I was going to say. Speaking as somebody fitting the latter category, it's surprising how little genuinely advanced and complex code we write :geno:

qntm
Jun 17, 2009

pr0metheus posted:

Why don't you just go to the interview and ask them a lot of questions about what they do and how they do it.

This is the correct answer. Interviews go both ways.

qntm
Jun 17, 2009

shrughes posted:

Two people are on a boat. Fred Lowenol falls off. Who is left?

I would also like to know what this is supposed to mean.

qntm
Jun 17, 2009

TasteMyHouse posted:

Welp, that isn't valid in any language that I know of, sounds like he was just a complete moron.

Works in PHP.

qntm
Jun 17, 2009

shrughes posted:

pigdog, I'm wondering what you ask when you interview developers.


What, and judge me by my code??? Well, only some code I've written years ago is online, and it's at http://samuelhughes.com . (That's not necessarily my real name, by the way, I registered it so that qntm couldn't have it.)

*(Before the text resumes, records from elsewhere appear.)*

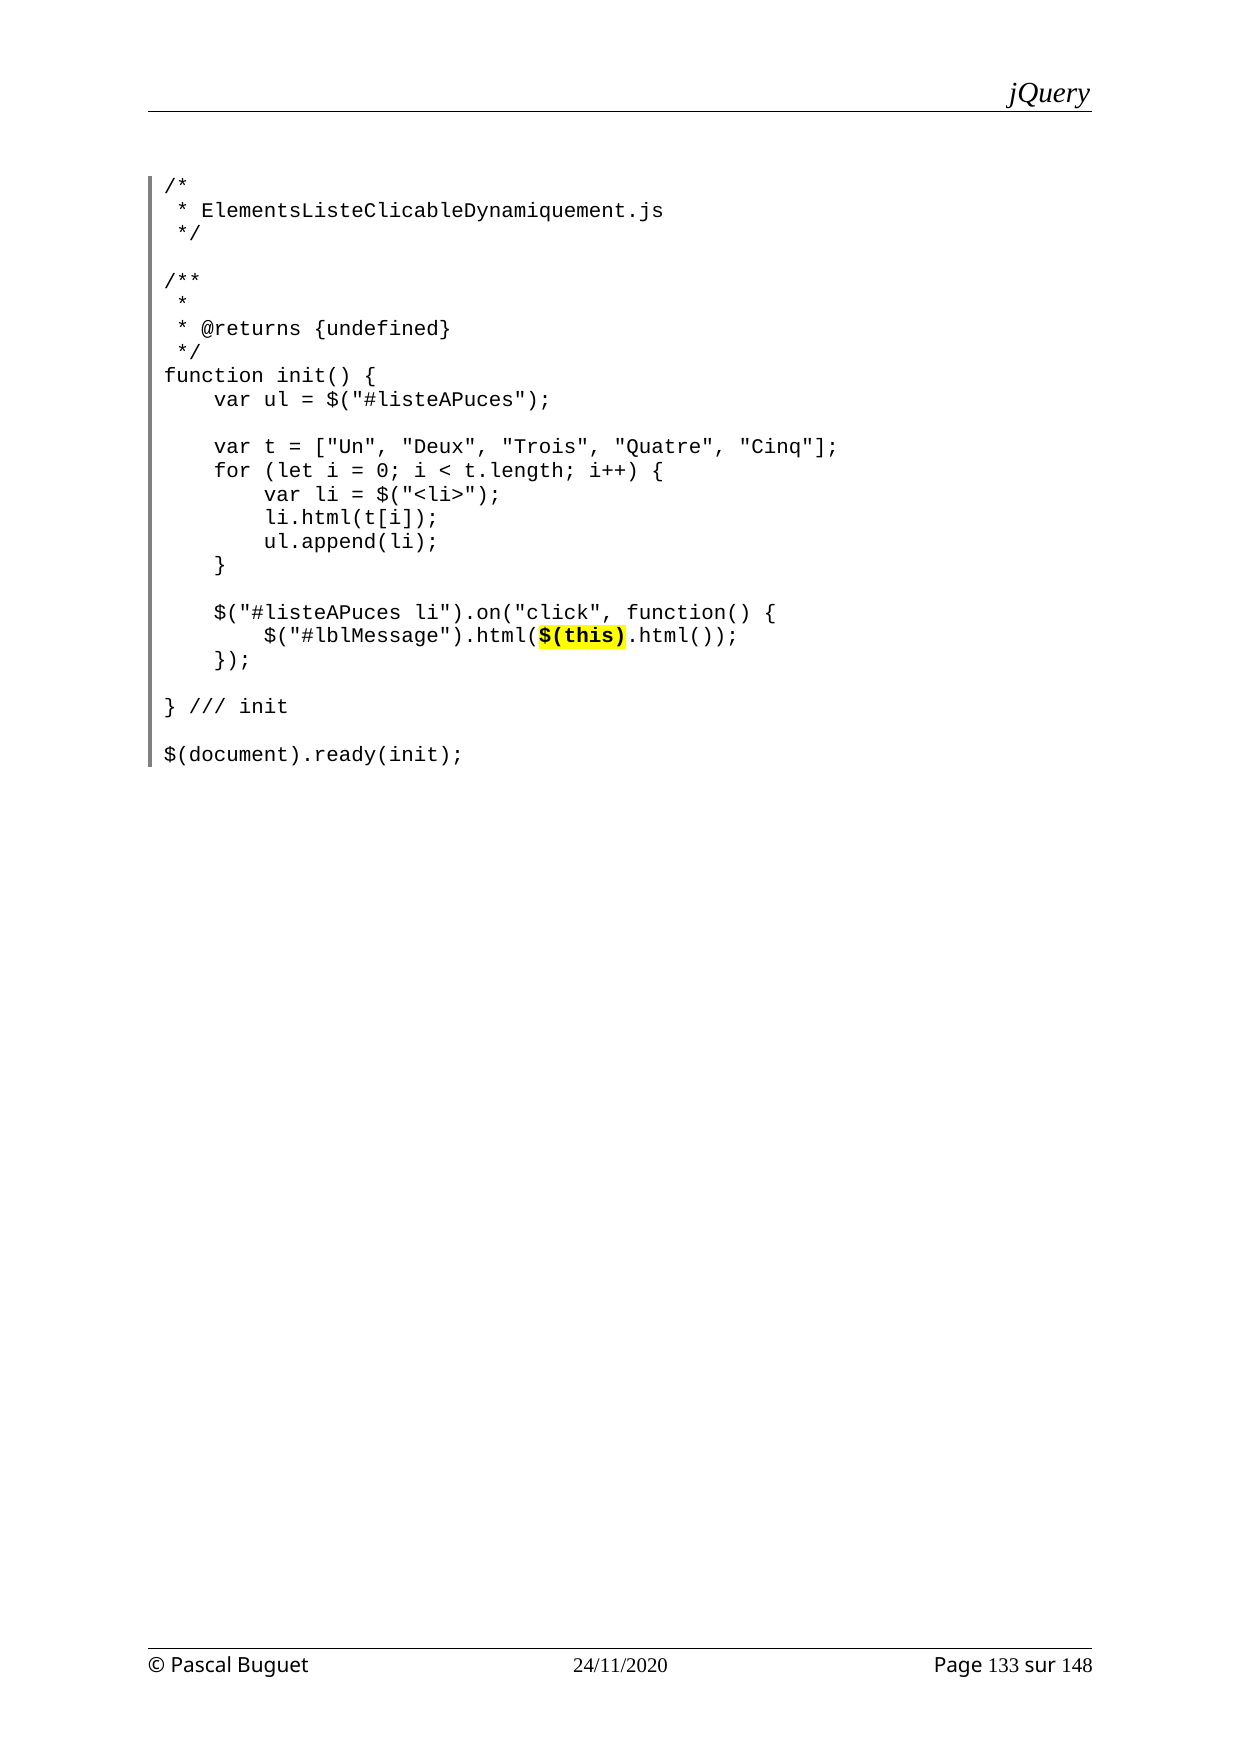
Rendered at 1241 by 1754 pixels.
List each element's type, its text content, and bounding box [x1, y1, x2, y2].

text /* [152, 176, 1092, 200]
text * [152, 294, 1092, 318]
text li.html(t[i]); [152, 507, 1092, 531]
text for (let i = 0; i < t.length; i++) { [152, 460, 1092, 483]
text var ul = $("#listeAPuces"); [152, 389, 1092, 413]
text */ [152, 223, 1092, 247]
text * ElementsListeClicableDynamiquement.js [152, 200, 1092, 223]
text var t = ["Un", "Deux", "Trois", "Quatre", "Cinq"]; [152, 436, 1092, 460]
text var li = $("<li>"); [152, 483, 1092, 507]
text }); [152, 649, 1092, 673]
text } [152, 554, 1092, 578]
text $(document).ready(init); [152, 744, 1092, 767]
text ul.append(li); [152, 531, 1092, 554]
text $("#lblMessage").html($(this).html()); [152, 625, 1092, 649]
text function init() { [152, 365, 1092, 389]
text } /// init [152, 696, 1092, 720]
text * @returns {undefined} [152, 318, 1092, 342]
text /** [152, 271, 1092, 294]
text */ [152, 342, 1092, 365]
text $("#listeAPuces li").on("click", function() { [152, 602, 1092, 625]
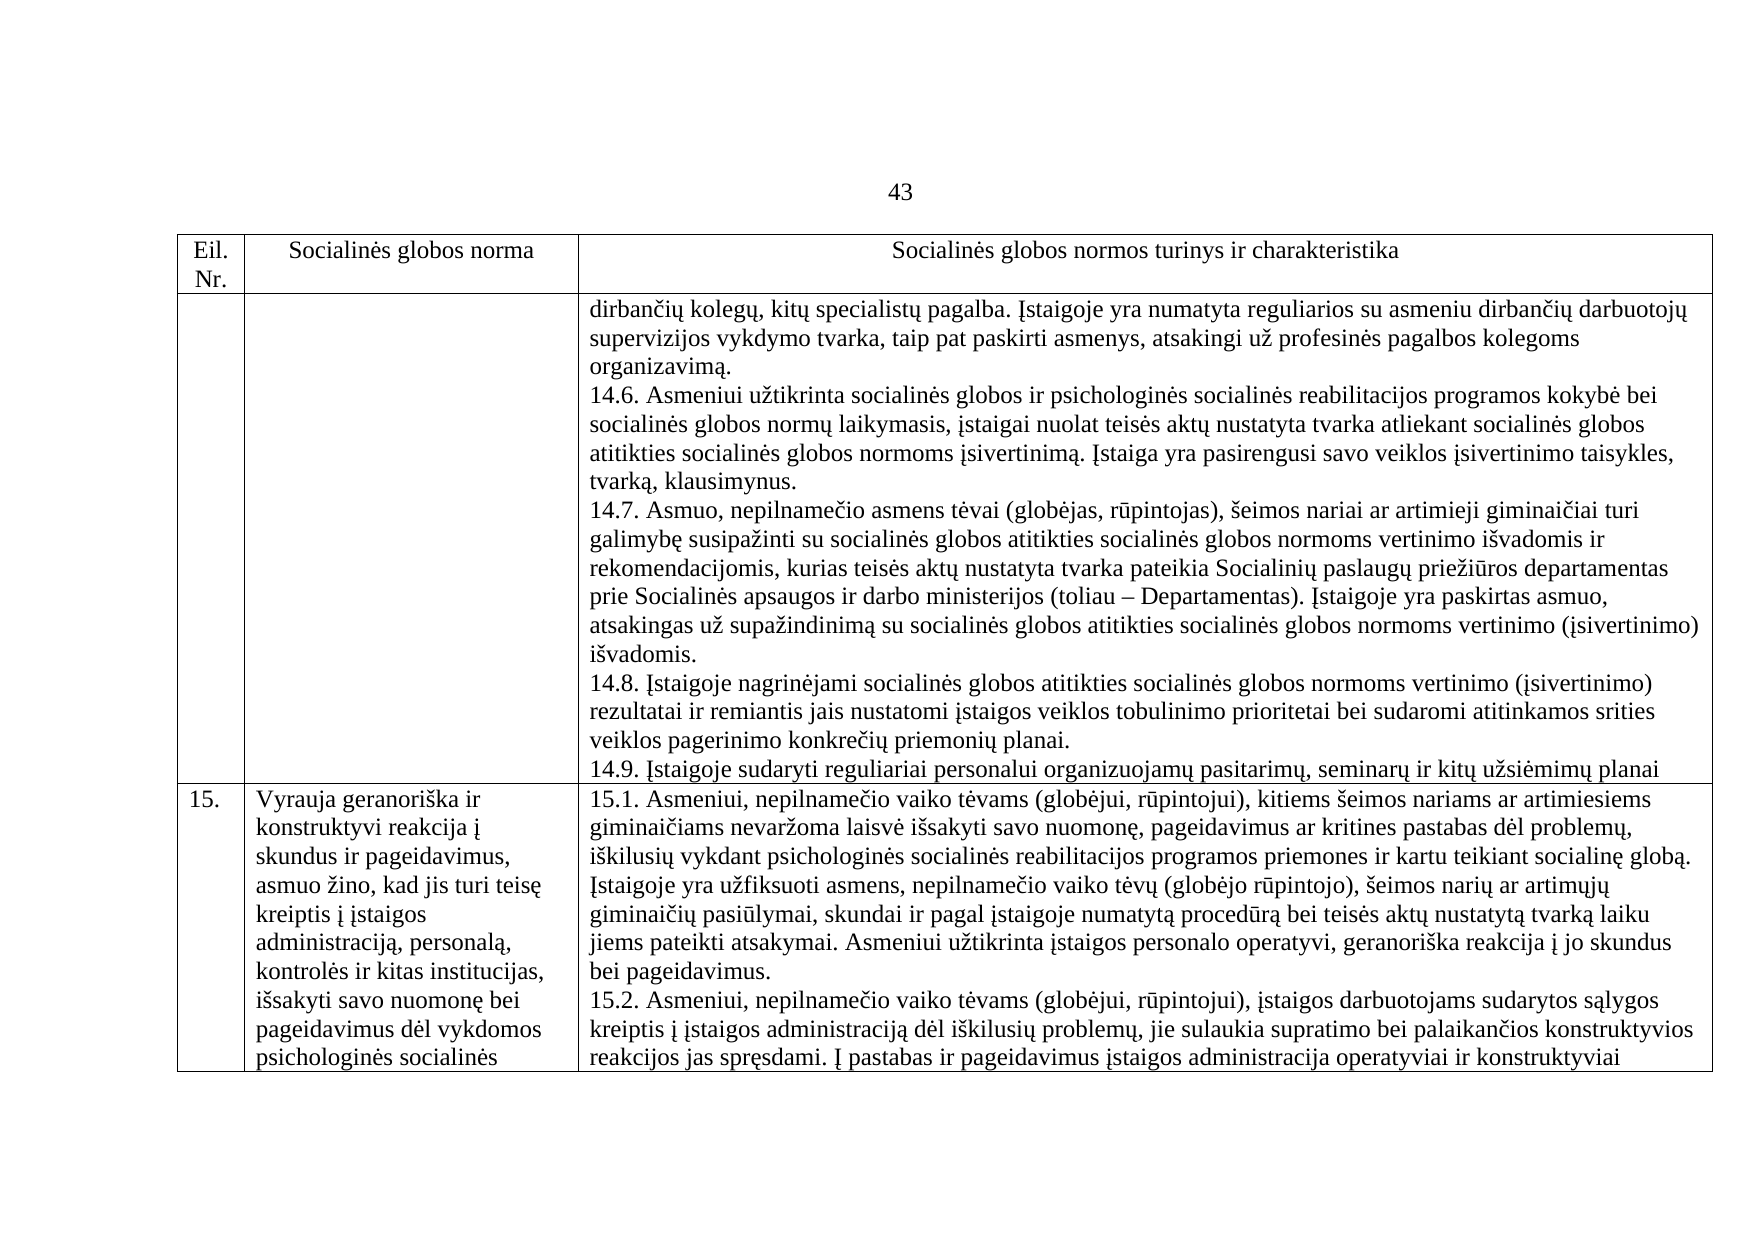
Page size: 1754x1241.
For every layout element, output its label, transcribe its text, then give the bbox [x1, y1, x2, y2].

table_cell [178, 294, 244, 783]
table_cell dirbančių kolegų, kitų specialistų pagalba. Įstaigoje yra numatyta reguliarios su asmeniu dirbančių darbuotojų supervizijos vykdymo tvarka, taip pat paskirti asmenys, atsakingi už profesinės pagalbos kolegoms organizavimą. 14.6. Asmeniui užtikrinta socialinės globos ir psichologinės socialinės reabilitacijos programos kokybė bei socialinės globos normų laikymasis, įstaigai nuolat teisės aktų nustatyta tvarka atliekant socialinės globos atitikties socialinės globos normoms įsivertinimą. Įstaiga yra pasirengusi savo veiklos įsivertinimo taisykles, tvarką, klausimynus. 14.7. Asmuo, nepilnamečio asmens tėvai (globėjas, rūpintojas), šeimos nariai ar artimieji giminaičiai turi galimybę susipažinti su socialinės globos atitikties socialinės globos normoms vertinimo išvadomis ir rekomendacijomis, kurias teisės aktų nustatyta tvarka pateikia Socialinių paslaugų priežiūros departamentas prie Socialinės apsaugos ir darbo ministerijos (toliau – Departamentas). Įstaigoje yra paskirtas asmuo, atsakingas už supažindinimą su socialinės globos atitikties socialinės globos normoms vertinimo (įsivertinimo) išvadomis. 14.8. Įstaigoje nagrinėjami socialinės globos atitikties socialinės globos normoms vertinimo (įsivertinimo) rezultatai ir remiantis jais nustatomi įstaigos veiklos tobulinimo prioritetai bei sudaromi atitinkamos srities veiklos pagerinimo konkrečių priemonių planai. 14.9. Įstaigoje sudaryti reguliariai personalui organizuojamų pasitarimų, seminarų ir kitų užsiėmimų planai [579, 294, 1712, 783]
table_cell Vyrauja geranoriška ir konstruktyvi reakcija į skundus ir pageidavimus, asmuo žino, kad jis turi teisę kreiptis į įstaigos administraciją, personalą, kontrolės ir kitas institucijas, išsakyti savo nuomonę bei pageidavimus dėl vykdomos psichologinės socialinės [245, 784, 578, 1071]
table_cell 15. [178, 784, 244, 1071]
table_header Socialinės globos normos turinys ir charakteristika [579, 235, 1712, 293]
table_header Socialinės globos norma [245, 235, 578, 293]
table_cell [245, 294, 578, 783]
table_cell 15.1. Asmeniui, nepilnamečio vaiko tėvams (globėjui, rūpintojui), kitiems šeimos nariams ar artimiesiems giminaičiams nevaržoma laisvė išsakyti savo nuomonę, pageidavimus ar kritines pastabas dėl problemų, iškilusių vykdant psichologinės socialinės reabilitacijos programos priemones ir kartu teikiant socialinę globą. Įstaigoje yra užfiksuoti asmens, nepilnamečio vaiko tėvų (globėjo rūpintojo), šeimos narių ar artimųjų giminaičių pasiūlymai, skundai ir pagal įstaigoje numatytą procedūrą bei teisės aktų nustatytą tvarką laiku jiems pateikti atsakymai. Asmeniui užtikrinta įstaigos personalo operatyvi, geranoriška reakcija į jo skundus bei pageidavimus. 15.2. Asmeniui, nepilnamečio vaiko tėvams (globėjui, rūpintojui), įstaigos darbuotojams sudarytos sąlygos kreiptis į įstaigos administraciją dėl iškilusių problemų, jie sulaukia supratimo bei palaikančios konstruktyvios reakcijos jas spręsdami. Į pastabas ir pageidavimus įstaigos administracija operatyviai ir konstruktyviai [579, 784, 1712, 1071]
table_header Eil. Nr. [178, 235, 244, 293]
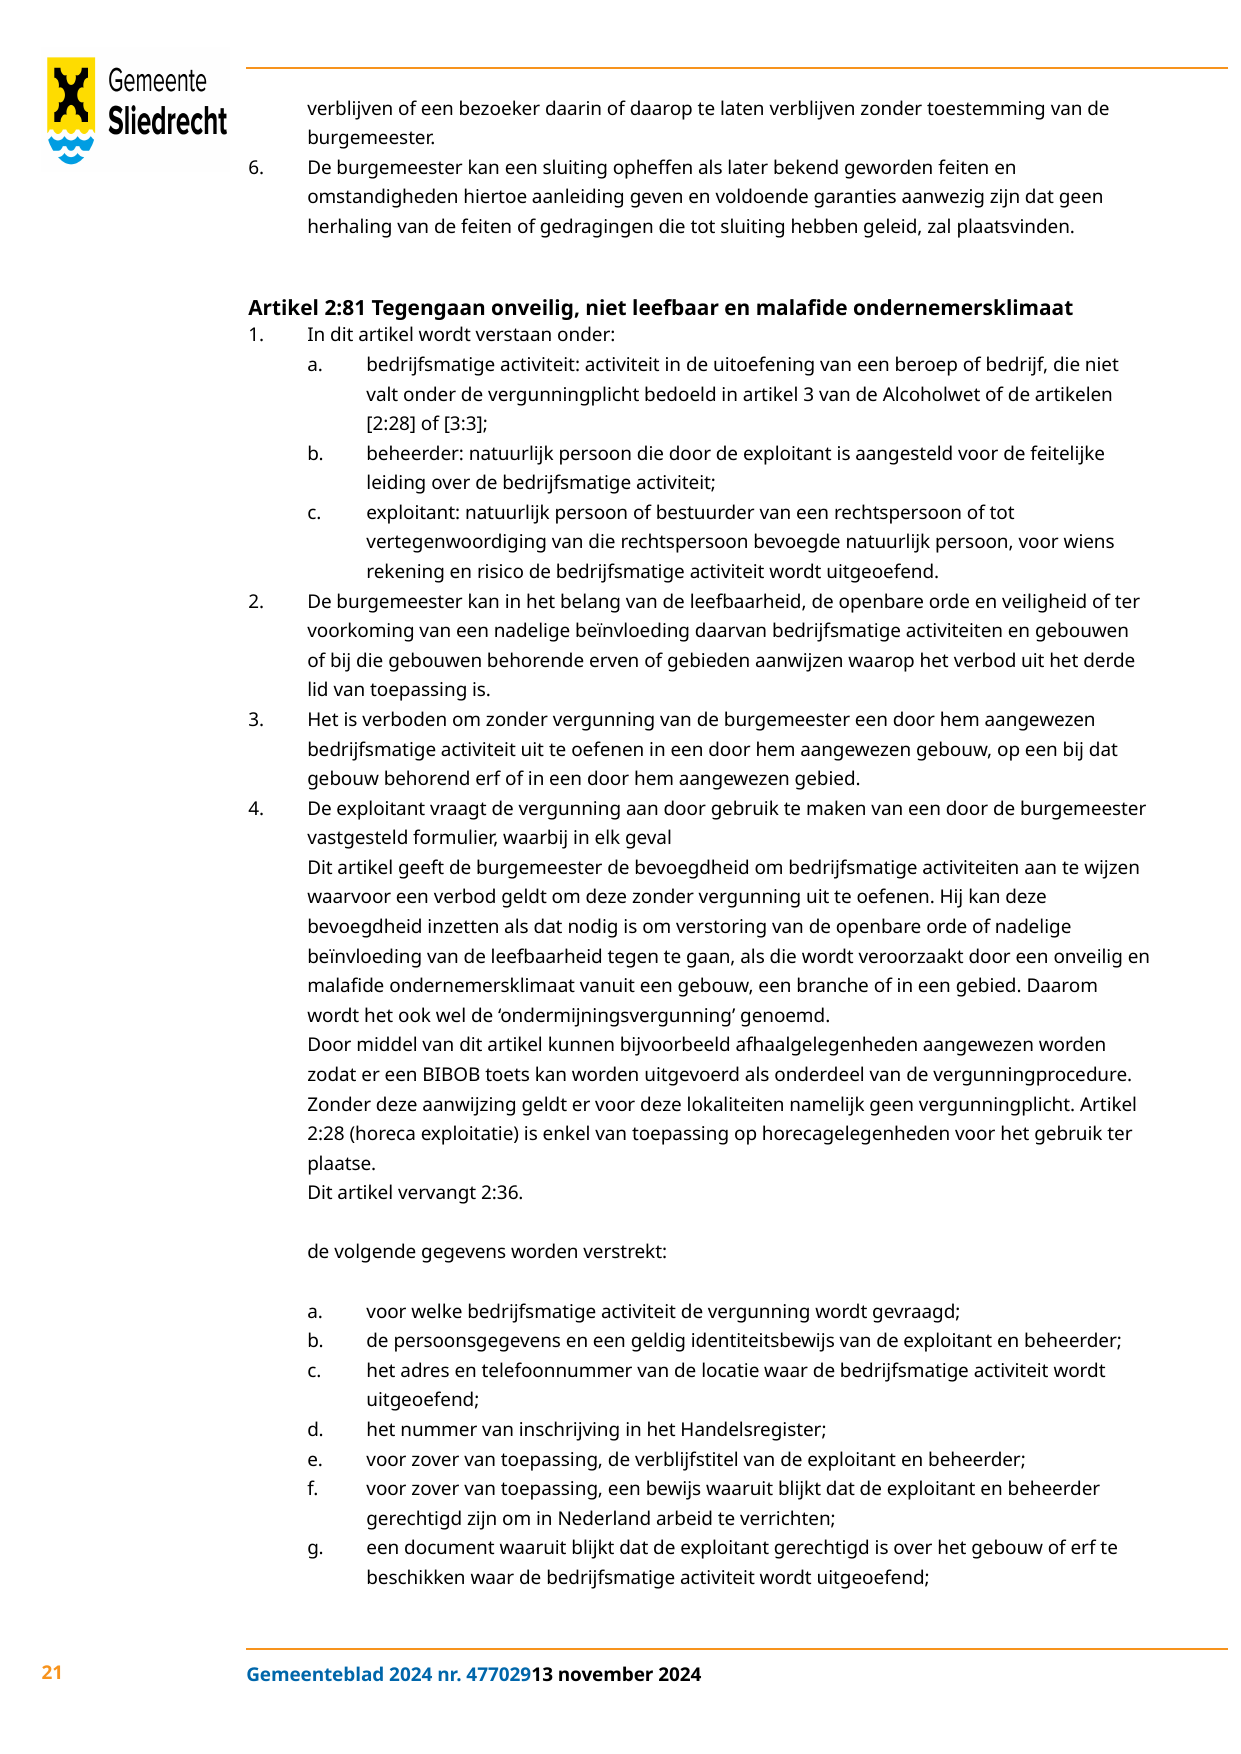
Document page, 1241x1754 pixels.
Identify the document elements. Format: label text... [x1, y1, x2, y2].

list verblijven of een bezoeker daarin of daarop te laten verblijven zonder toestemming van de burgemeester. [248, 95, 1152, 150]
list De burgemeester kan in het belang van de leefbaarheid, de openbare orde en veiligheid of ter voorkoming van een nadelige beïnvloeding daarvan bedrijfsmatige activiteiten en gebouwen of bij die gebouwen behorende erven of gebieden aanwijzen waarop het verbod uit het derde lid van toepassing is. [248, 588, 1152, 702]
list het nummer van inschrijving in het Handelsregister; [307, 1416, 1152, 1442]
picture [41, 47, 231, 172]
list de volgende gegevens worden verstrekt: [248, 1239, 1152, 1264]
list bedrijfsmatige activiteit: activiteit in de uitoefening van een beroep of bedrijf, die niet valt onder de vergunningplicht bedoeld in artikel 3 van de Alcoholwet of de artikelen [2:28] of [3:3]; [307, 351, 1152, 436]
list De exploitant vraagt de vergunning aan door gebruik te maken van een door de burgemeester vastgesteld formulier, waarbij in elk geval [248, 795, 1152, 850]
list Dit artikel vervangt 2:36. [248, 1179, 1152, 1205]
list In dit artikel wordt verstaan onder: [248, 322, 1152, 347]
list het adres en telefoonnummer van de locatie waar de bedrijfsmatige activiteit wordt uitgeoefend; [307, 1357, 1152, 1412]
list Door middel van dit artikel kunnen bijvoorbeeld afhaalgelegenheden aangewezen worden zodat er een BIBOB toets kan worden uitgevoerd als onderdeel van de vergunningprocedure. Zonder deze aanwijzing geldt er voor deze lokaliteiten namelijk geen vergunningplicht. Artikel 2:28 (horeca exploitatie) is enkel van toepassing op horecagelegenheden voor het gebruik ter plaatse. [248, 1032, 1152, 1176]
list De burgemeester kan een sluiting opheffen als later bekend geworden feiten en omstandigheden hiertoe aanleiding geven en voldoende garanties aanwezig zijn dat geen herhaling van de feiten of gedragingen die tot sluiting hebben geleid, zal plaatsvinden. [248, 154, 1152, 239]
list exploitant: natuurlijk persoon of bestuurder van een rechtspersoon of tot vertegenwoordiging van die rechtspersoon bevoegde natuurlijk persoon, voor wiens rekening en risico de bedrijfsmatige activiteit wordt uitgeoefend. [307, 499, 1152, 584]
list de persoonsgegevens en een geldig identiteitsbewijs van de exploitant en beheerder; [307, 1327, 1152, 1353]
list voor zover van toepassing, de verblijfstitel van de exploitant en beheerder; [307, 1446, 1152, 1471]
text Artikel 2:81 Tegengaan onveilig, niet leefbaar en malafide ondernemersklimaat [248, 293, 1152, 322]
list voor zover van toepassing, een bewijs waaruit blijkt dat de exploitant en beheerder gerechtigd zijn om in Nederland arbeid te verrichten; [307, 1475, 1152, 1531]
list Dit artikel geeft de burgemeester de bevoegdheid om bedrijfsmatige activiteiten aan te wijzen waarvoor een verbod geldt om deze zonder vergunning uit te oefenen. Hij kan deze bevoegdheid inzetten als dat nodig is om verstoring van de openbare orde of nadelige beïnvloeding van de leefbaarheid tegen te gaan, als die wordt veroorzaakt door een onveilig en malafide ondernemersklimaat vanuit een gebouw, een branche of in een gebied. Daarom wordt het ook wel de ‘ondermijningsvergunning’ genoemd. [248, 854, 1152, 1028]
list beheerder: natuurlijk persoon die door de exploitant is aangesteld voor de feitelijke leiding over de bedrijfsmatige activiteit; [307, 440, 1152, 495]
list een document waaruit blijkt dat de exploitant gerechtigd is over het gebouw of erf te beschikken waar de bedrijfsmatige activiteit wordt uitgeoefend; [307, 1534, 1152, 1590]
list Het is verboden om zonder vergunning van de burgemeester een door hem aangewezen bedrijfsmatige activiteit uit te oefenen in een door hem aangewezen gebouw, op een bij dat gebouw behorend erf of in een door hem aangewezen gebied. [248, 706, 1152, 791]
list voor welke bedrijfsmatige activiteit de vergunning wordt gevraagd; [307, 1298, 1152, 1323]

That's also not necessarily my real name, by the way. :v:

qntm
Jun 17, 2009
You should all just write perfectly polished code in 1 hour like me :smug:

qntm
Jun 17, 2009

Careful Drums posted:

I'm not sure if this is the right place to ask, so let me know.

When is it okay to leave a company? I've been at my first job in a medium sized Microsoft house for a year and a half now. It's not a horrible place, but I'm not learning anything - just triaging old poorly written code. The place doesn't have much longevity either - a huge vb6 legacy with no plans to upgrade. The culture isn't too bad but I somehow find it depressing. The company has a rep for not being able to hold on to young people, as well. It's becoming clear why.

It feels clear that it's not good for my skills or career, and recruiters call me all the time. If I find an offer I like, is it okay/not stupid to take it?

Yes.

qntm
Jun 17, 2009

Ithaqua posted:

Yup, that's why getting some examples along with the correct answer is good. For example:
Interviewer: What's the factory pattern?
Candidate: *blah blah blah correct answer*
Interviewer: Can you give me a simple example of when you'd use a factory pattern?
Candidate: *blank stare or bullshit answer*

I've had candidates able to explain how the .NET GC works in excruciating detail, but couldn't write a for loop.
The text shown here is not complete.